## Requirement
Each record should be copied exactly, and none of them omitted.
◇ ◇ ◇ ◇ ◇
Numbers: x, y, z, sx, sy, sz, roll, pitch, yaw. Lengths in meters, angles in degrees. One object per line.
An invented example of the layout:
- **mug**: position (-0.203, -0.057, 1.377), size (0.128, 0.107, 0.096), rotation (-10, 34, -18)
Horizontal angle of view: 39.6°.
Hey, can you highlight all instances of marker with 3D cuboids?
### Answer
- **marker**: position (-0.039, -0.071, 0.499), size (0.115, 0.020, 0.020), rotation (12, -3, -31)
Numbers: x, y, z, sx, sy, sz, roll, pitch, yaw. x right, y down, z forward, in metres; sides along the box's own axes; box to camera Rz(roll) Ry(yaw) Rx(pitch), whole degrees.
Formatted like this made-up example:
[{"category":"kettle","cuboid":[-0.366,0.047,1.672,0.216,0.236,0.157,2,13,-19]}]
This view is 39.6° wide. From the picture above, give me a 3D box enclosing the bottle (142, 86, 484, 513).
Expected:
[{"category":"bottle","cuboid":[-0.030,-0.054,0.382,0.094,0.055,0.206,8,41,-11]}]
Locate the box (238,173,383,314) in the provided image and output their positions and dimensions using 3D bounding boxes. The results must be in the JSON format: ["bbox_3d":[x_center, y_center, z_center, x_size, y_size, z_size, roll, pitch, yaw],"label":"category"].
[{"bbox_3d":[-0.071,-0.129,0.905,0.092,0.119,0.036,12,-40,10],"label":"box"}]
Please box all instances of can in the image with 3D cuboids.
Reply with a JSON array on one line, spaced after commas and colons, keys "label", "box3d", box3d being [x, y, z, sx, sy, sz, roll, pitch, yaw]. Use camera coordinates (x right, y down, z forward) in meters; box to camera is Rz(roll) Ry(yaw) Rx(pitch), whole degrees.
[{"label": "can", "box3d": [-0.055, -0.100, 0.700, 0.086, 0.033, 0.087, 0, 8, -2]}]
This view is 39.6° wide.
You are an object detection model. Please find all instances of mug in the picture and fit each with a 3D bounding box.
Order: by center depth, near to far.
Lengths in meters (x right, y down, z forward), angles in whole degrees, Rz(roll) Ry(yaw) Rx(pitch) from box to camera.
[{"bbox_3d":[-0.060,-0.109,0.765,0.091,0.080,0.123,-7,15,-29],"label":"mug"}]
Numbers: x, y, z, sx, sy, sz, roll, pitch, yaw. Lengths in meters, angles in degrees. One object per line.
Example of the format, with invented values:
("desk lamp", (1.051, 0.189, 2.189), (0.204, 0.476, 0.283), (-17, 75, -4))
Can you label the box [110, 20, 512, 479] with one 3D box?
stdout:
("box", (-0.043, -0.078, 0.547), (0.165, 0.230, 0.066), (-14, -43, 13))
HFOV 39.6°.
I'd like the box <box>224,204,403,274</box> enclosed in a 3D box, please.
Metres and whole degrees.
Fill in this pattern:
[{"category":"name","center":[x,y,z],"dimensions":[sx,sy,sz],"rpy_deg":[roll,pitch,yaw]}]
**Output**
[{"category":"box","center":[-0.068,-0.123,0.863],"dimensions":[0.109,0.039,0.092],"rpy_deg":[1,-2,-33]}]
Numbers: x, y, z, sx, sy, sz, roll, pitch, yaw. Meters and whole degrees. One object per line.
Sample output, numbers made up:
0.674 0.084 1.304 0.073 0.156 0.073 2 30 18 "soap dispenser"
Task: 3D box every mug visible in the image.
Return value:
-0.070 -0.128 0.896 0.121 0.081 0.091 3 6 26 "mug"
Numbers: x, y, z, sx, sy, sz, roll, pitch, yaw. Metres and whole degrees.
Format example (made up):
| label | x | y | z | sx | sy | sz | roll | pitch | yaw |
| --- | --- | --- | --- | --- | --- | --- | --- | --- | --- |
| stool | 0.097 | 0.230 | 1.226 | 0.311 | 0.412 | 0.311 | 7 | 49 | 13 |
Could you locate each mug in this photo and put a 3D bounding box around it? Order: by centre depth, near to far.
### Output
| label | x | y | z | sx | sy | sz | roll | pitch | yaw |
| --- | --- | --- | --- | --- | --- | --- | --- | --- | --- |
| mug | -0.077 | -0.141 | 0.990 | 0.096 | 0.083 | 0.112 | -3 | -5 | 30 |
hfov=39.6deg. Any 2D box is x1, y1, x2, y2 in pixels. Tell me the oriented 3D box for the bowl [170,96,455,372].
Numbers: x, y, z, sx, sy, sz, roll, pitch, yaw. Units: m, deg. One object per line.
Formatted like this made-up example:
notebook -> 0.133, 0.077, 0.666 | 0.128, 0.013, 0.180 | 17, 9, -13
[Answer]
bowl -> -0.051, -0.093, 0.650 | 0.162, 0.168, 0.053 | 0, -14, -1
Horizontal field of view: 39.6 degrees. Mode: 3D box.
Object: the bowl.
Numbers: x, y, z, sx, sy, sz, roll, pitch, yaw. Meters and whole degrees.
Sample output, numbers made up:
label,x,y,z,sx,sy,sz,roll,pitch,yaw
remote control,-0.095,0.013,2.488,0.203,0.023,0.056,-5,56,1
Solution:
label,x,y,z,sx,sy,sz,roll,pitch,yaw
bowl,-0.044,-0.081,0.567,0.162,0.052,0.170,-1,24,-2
◇ ◇ ◇ ◇ ◇
## Task result
Numbers: x, y, z, sx, sy, sz, roll, pitch, yaw. Lengths in meters, angles in degrees. One object per line.
An invented example of the layout:
- **mug**: position (-0.203, -0.057, 1.377), size (0.128, 0.107, 0.096), rotation (-10, 34, -18)
Horizontal angle of view: 39.6°.
Hey, can you highlight all instances of marker with 3D cuboids?
### Answer
- **marker**: position (-0.039, -0.071, 0.499), size (0.115, 0.020, 0.020), rotation (12, -3, -31)
Numbers: x, y, z, sx, sy, sz, roll, pitch, yaw. x right, y down, z forward, in metres; sides along the box's own axes; box to camera Rz(roll) Ry(yaw) Rx(pitch), whole degrees.
Formatted like this made-up example:
[{"category":"kettle","cuboid":[-0.366,0.047,1.672,0.216,0.236,0.157,2,13,-19]}]
This view is 39.6° wide. From the picture above, give me a 3D box enclosing the bottle (142, 86, 484, 513).
Expected:
[{"category":"bottle","cuboid":[-0.030,-0.054,0.382,0.094,0.055,0.206,8,41,-11]}]
Locate the box (238,173,383,314) in the provided image and output their positions and dimensions using 3D bounding boxes. The results must be in the JSON format: ["bbox_3d":[x_center, y_center, z_center, x_size, y_size, z_size, roll, pitch, yaw],"label":"category"].
[{"bbox_3d":[-0.071,-0.129,0.905,0.092,0.119,0.036,12,-40,10],"label":"box"}]
Please box all instances of can in the image with 3D cuboids.
Reply with a JSON array on one line, spaced after commas and colons, keys "label", "box3d", box3d being [x, y, z, sx, sy, sz, roll, pitch, yaw]. Use camera coordinates (x right, y down, z forward) in meters; box to camera is Rz(roll) Ry(yaw) Rx(pitch), whole degrees.
[{"label": "can", "box3d": [-0.055, -0.100, 0.700, 0.086, 0.033, 0.087, 0, 8, -2]}]
This view is 39.6° wide.
You are an object detection model. Please find all instances of mug in the picture and fit each with a 3D bounding box.
Order: by center depth, near to far.
Lengths in meters (x right, y down, z forward), angles in whole degrees, Rz(roll) Ry(yaw) Rx(pitch) from box to camera.
[{"bbox_3d":[-0.060,-0.109,0.765,0.091,0.080,0.123,-7,15,-29],"label":"mug"}]
Numbers: x, y, z, sx, sy, sz, roll, pitch, yaw. Lengths in meters, angles in degrees. One object per line.
Example of the format, with invented values:
("desk lamp", (1.051, 0.189, 2.189), (0.204, 0.476, 0.283), (-17, 75, -4))
Can you label the box [110, 20, 512, 479] with one 3D box?
stdout:
("box", (-0.043, -0.078, 0.547), (0.165, 0.230, 0.066), (-14, -43, 13))
HFOV 39.6°.
I'd like the box <box>224,204,403,274</box> enclosed in a 3D box, please.
Metres and whole degrees.
Fill in this pattern:
[{"category":"name","center":[x,y,z],"dimensions":[sx,sy,sz],"rpy_deg":[roll,pitch,yaw]}]
**Output**
[{"category":"box","center":[-0.068,-0.123,0.863],"dimensions":[0.109,0.039,0.092],"rpy_deg":[1,-2,-33]}]
Numbers: x, y, z, sx, sy, sz, roll, pitch, yaw. Meters and whole degrees. One object per line.
Sample output, numbers made up:
0.674 0.084 1.304 0.073 0.156 0.073 2 30 18 "soap dispenser"
Task: 3D box every mug visible in the image.
Return value:
-0.070 -0.128 0.896 0.121 0.081 0.091 3 6 26 "mug"
Numbers: x, y, z, sx, sy, sz, roll, pitch, yaw. Metres and whole degrees.
Format example (made up):
| label | x | y | z | sx | sy | sz | roll | pitch | yaw |
| --- | --- | --- | --- | --- | --- | --- | --- | --- | --- |
| stool | 0.097 | 0.230 | 1.226 | 0.311 | 0.412 | 0.311 | 7 | 49 | 13 |
Could you locate each mug in this photo and put a 3D bounding box around it? Order: by centre depth, near to far.
### Output
| label | x | y | z | sx | sy | sz | roll | pitch | yaw |
| --- | --- | --- | --- | --- | --- | --- | --- | --- | --- |
| mug | -0.077 | -0.141 | 0.990 | 0.096 | 0.083 | 0.112 | -3 | -5 | 30 |
hfov=39.6deg. Any 2D box is x1, y1, x2, y2 in pixels. Tell me the oriented 3D box for the bowl [170,96,455,372].
Numbers: x, y, z, sx, sy, sz, roll, pitch, yaw. Units: m, deg. One object per line.
Formatted like this made-up example:
notebook -> 0.133, 0.077, 0.666 | 0.128, 0.013, 0.180 | 17, 9, -13
[Answer]
bowl -> -0.051, -0.093, 0.650 | 0.162, 0.168, 0.053 | 0, -14, -1
Horizontal field of view: 39.6 degrees. Mode: 3D box.
Object: the bowl.
Numbers: x, y, z, sx, sy, sz, roll, pitch, yaw. Meters and whole degrees.
Sample output, numbers made up:
label,x,y,z,sx,sy,sz,roll,pitch,yaw
remote control,-0.095,0.013,2.488,0.203,0.023,0.056,-5,56,1
Solution:
label,x,y,z,sx,sy,sz,roll,pitch,yaw
bowl,-0.044,-0.081,0.567,0.162,0.052,0.170,-1,24,-2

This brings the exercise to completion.